┌──
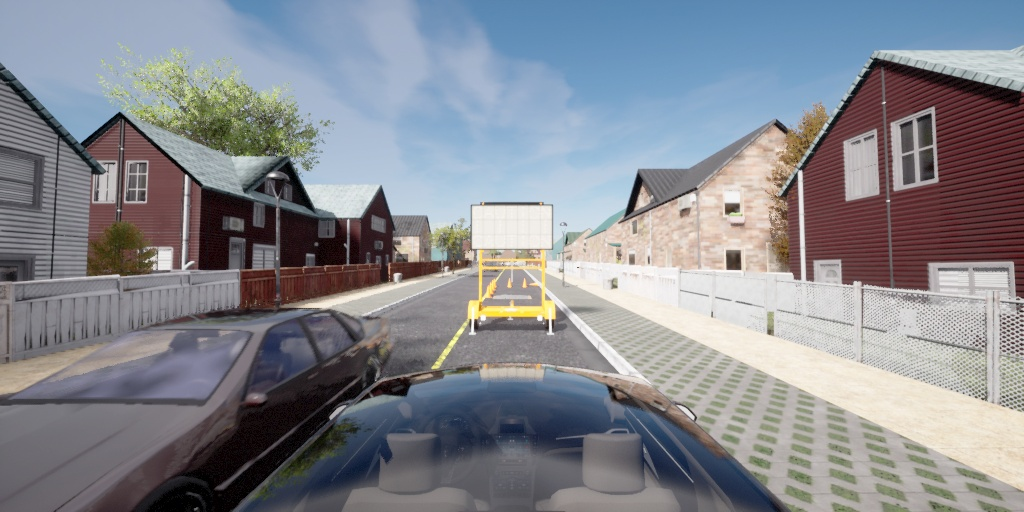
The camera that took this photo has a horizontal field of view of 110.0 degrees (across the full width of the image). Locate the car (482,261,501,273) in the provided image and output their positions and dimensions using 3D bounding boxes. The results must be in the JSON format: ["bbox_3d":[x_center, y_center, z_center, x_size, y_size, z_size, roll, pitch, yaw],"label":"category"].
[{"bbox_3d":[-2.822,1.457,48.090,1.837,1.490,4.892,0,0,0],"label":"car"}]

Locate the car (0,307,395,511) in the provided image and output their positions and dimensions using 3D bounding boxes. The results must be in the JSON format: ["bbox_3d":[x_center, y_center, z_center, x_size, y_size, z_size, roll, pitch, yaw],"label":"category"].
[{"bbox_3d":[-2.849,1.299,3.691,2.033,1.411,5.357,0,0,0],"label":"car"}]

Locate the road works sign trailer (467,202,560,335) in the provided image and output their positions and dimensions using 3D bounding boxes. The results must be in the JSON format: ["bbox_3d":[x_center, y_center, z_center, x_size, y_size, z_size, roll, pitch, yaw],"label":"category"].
└──
## TASK BRIEF
The expected output is the run of lines from the one that includes "Locate the car (0,307,395,511)" through the end of the listing above, exactly as they stand.

## REPLY TO THE EXERCISE
Locate the car (0,307,395,511) in the provided image and output their positions and dimensions using 3D bounding boxes. The results must be in the JSON format: ["bbox_3d":[x_center, y_center, z_center, x_size, y_size, z_size, roll, pitch, yaw],"label":"category"].
[{"bbox_3d":[-2.849,1.299,3.691,2.033,1.411,5.357,0,0,0],"label":"car"}]

Locate the road works sign trailer (467,202,560,335) in the provided image and output their positions and dimensions using 3D bounding boxes. The results must be in the JSON format: ["bbox_3d":[x_center, y_center, z_center, x_size, y_size, z_size, roll, pitch, yaw],"label":"category"].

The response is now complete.